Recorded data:
------
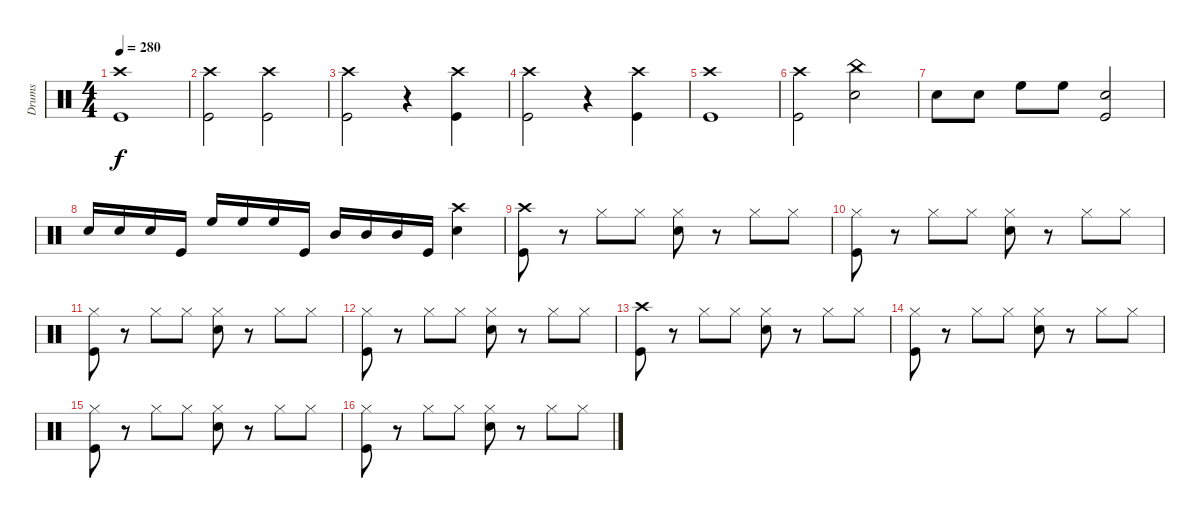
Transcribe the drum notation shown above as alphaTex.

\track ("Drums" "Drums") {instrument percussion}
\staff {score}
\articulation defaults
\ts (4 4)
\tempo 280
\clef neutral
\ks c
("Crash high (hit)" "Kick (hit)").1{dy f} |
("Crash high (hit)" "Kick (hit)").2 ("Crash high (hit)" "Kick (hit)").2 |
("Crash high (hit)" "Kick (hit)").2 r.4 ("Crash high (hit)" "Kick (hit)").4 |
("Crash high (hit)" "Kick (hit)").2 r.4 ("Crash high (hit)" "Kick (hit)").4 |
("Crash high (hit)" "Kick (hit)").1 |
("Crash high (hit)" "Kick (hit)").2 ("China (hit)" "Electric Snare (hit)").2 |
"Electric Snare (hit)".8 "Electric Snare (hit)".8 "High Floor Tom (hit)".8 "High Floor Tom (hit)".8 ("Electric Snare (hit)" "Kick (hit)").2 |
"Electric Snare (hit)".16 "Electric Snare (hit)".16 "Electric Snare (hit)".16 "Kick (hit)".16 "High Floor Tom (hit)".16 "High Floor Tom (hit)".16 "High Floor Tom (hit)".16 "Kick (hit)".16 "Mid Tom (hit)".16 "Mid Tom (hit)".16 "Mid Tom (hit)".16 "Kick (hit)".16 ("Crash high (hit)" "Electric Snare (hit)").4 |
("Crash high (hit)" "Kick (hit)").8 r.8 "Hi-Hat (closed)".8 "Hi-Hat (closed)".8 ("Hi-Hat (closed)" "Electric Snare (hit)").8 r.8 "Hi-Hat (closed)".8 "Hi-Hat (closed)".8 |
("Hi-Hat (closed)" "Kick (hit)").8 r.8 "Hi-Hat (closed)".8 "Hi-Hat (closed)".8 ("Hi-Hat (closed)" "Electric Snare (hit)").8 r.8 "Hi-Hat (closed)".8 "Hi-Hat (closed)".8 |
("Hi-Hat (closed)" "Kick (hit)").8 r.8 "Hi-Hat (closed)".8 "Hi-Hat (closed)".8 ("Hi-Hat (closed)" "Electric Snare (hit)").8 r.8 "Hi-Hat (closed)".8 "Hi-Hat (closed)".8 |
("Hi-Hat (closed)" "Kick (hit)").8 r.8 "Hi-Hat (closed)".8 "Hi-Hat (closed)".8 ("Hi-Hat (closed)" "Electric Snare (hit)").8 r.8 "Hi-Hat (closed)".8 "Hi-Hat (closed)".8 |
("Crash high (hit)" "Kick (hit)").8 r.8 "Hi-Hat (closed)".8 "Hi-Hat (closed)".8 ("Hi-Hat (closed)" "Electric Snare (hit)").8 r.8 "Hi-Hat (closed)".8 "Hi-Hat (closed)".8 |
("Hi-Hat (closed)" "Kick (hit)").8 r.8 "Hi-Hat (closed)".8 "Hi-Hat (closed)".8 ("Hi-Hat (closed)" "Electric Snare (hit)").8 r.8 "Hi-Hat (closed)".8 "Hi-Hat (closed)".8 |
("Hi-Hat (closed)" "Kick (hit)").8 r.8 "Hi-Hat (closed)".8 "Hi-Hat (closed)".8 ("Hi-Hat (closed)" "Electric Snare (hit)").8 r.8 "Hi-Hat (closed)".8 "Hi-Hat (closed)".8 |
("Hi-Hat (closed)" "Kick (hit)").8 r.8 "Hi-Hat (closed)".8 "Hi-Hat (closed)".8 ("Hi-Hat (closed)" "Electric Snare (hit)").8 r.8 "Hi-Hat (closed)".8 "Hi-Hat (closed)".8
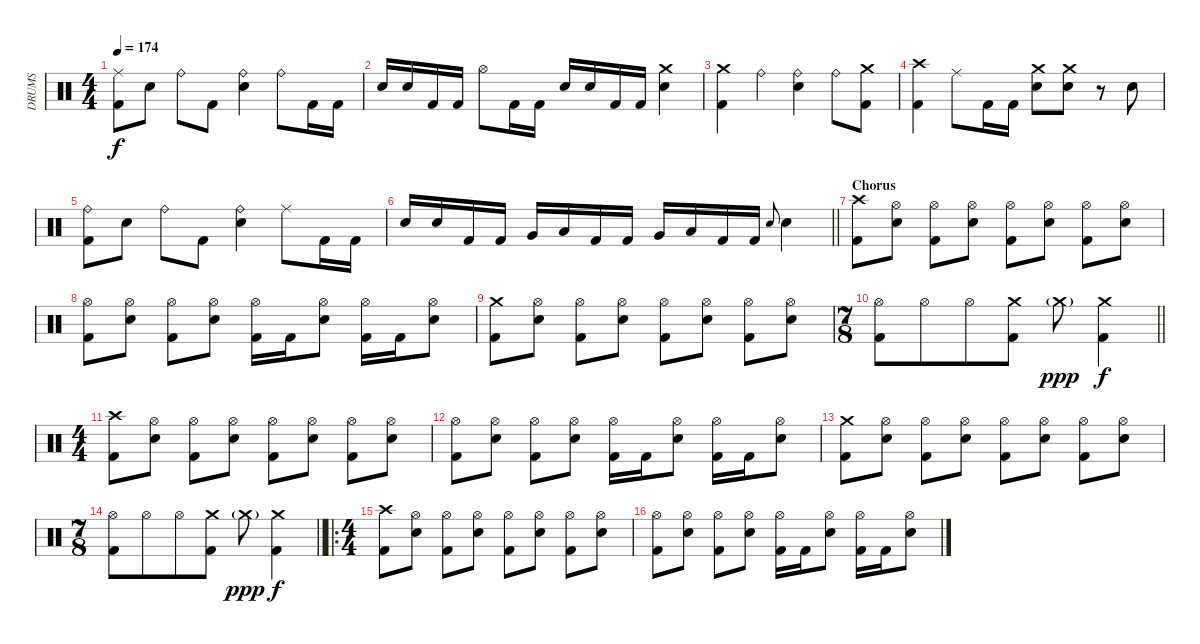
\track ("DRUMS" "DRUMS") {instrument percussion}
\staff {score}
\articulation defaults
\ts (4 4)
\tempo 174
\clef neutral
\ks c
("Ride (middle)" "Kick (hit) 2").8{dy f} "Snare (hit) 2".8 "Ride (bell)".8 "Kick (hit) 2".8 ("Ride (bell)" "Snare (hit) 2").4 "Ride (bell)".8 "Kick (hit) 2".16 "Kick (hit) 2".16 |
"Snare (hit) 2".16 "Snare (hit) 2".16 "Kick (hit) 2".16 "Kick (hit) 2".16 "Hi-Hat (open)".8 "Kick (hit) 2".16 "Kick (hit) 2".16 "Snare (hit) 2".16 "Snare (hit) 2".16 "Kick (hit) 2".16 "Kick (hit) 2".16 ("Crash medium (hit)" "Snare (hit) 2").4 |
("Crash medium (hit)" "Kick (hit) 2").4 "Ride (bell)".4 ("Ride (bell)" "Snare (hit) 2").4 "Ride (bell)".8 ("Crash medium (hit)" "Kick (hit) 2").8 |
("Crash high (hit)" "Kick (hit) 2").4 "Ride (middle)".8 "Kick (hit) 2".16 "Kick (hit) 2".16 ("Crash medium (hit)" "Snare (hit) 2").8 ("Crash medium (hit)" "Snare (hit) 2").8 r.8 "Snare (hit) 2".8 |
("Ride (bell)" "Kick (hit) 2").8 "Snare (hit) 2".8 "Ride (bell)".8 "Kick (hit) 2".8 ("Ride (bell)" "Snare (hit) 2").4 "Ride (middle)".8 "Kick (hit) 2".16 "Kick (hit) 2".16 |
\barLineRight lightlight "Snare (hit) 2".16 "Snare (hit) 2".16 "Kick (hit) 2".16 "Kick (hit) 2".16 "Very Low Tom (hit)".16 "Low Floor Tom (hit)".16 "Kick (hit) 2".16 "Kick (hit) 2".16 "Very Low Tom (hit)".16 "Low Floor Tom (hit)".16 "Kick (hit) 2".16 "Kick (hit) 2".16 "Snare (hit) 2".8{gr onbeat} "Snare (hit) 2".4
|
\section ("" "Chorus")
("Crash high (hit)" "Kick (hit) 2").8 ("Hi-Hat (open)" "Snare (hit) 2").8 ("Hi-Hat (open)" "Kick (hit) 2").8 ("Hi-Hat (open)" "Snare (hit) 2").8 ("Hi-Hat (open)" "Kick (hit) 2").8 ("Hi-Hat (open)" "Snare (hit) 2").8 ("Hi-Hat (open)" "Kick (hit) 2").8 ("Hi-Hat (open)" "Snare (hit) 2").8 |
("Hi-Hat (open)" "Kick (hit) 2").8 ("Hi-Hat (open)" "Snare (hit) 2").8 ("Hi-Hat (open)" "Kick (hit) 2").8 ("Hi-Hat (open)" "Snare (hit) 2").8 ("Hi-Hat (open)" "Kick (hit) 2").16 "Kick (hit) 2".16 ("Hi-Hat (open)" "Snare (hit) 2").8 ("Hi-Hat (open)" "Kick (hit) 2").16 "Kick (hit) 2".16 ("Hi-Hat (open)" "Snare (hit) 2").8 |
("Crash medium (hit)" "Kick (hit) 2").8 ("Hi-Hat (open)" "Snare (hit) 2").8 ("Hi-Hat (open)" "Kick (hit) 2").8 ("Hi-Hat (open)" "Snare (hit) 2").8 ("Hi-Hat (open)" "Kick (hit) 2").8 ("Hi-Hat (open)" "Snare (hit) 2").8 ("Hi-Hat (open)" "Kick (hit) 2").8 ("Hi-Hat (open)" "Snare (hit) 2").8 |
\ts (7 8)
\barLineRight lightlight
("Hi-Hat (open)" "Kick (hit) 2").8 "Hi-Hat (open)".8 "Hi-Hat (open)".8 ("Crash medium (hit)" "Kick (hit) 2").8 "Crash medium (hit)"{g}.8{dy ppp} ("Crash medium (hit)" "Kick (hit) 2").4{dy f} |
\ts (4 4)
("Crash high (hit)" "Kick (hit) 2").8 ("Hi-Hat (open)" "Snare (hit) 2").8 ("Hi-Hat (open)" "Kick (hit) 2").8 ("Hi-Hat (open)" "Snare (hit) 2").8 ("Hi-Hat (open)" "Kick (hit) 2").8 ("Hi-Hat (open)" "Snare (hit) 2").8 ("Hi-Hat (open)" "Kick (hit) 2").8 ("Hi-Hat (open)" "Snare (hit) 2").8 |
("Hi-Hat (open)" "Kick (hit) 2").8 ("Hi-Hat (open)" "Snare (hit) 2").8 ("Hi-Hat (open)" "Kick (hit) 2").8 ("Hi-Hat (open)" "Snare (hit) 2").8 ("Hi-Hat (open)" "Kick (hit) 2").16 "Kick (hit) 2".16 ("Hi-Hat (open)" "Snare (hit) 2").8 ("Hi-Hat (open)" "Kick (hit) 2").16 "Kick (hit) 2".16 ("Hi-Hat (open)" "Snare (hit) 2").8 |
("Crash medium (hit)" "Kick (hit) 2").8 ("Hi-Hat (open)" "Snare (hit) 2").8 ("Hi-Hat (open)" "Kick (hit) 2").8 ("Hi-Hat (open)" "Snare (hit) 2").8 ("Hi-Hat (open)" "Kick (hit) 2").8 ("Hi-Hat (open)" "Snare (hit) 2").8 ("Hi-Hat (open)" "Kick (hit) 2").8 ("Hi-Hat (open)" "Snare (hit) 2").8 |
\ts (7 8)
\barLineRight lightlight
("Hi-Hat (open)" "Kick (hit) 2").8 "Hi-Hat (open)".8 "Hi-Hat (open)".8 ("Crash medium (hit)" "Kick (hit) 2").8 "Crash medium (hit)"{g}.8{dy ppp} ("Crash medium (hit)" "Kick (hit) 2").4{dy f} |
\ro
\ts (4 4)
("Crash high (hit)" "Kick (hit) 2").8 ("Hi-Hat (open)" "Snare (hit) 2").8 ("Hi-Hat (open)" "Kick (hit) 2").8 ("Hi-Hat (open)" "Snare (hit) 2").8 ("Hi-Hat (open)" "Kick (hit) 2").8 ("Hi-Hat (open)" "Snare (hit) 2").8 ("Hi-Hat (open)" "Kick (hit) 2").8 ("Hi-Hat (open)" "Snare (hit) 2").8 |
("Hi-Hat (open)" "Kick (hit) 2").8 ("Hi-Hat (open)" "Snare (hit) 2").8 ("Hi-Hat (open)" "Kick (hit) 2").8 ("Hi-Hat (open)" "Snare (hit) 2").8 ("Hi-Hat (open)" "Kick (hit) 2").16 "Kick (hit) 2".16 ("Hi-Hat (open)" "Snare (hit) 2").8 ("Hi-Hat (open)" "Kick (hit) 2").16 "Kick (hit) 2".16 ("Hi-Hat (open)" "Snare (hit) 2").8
------
:: Task to carry out ::
Look through the entries above and find each line where the word "Floor" occurs; copy those lines.

:: Answer to this problem ::
"Electric Snare (hit)".8 "Electric Snare (hit)".8 "High Floor Tom (hit)".8 "High Floor Tom (hit)".8 ("Electric Snare (hit)" "Kick (hit)").2 |
"Electric Snare (hit)".16 "Electric Snare (hit)".16 "Electric Snare (hit)".16 "Kick (hit)".16 "High Floor Tom (hit)".16 "High Floor Tom (hit)".16 "High Floor Tom (hit)".16 "Kick (hit)".16 "Mid Tom (hit)".16 "Mid Tom (hit)".16 "Mid Tom (hit)".16 "Kick (hit)".16 ("Crash high (hit)" "Electric Snare (hit)").4 |
\barLineRight lightlight "Snare (hit) 2".16 "Snare (hit) 2".16 "Kick (hit) 2".16 "Kick (hit) 2".16 "Very Low Tom (hit)".16 "Low Floor Tom (hit)".16 "Kick (hit) 2".16 "Kick (hit) 2".16 "Very Low Tom (hit)".16 "Low Floor Tom (hit)".16 "Kick (hit) 2".16 "Kick (hit) 2".16 "Snare (hit) 2".8{gr onbeat} "Snare (hit) 2".4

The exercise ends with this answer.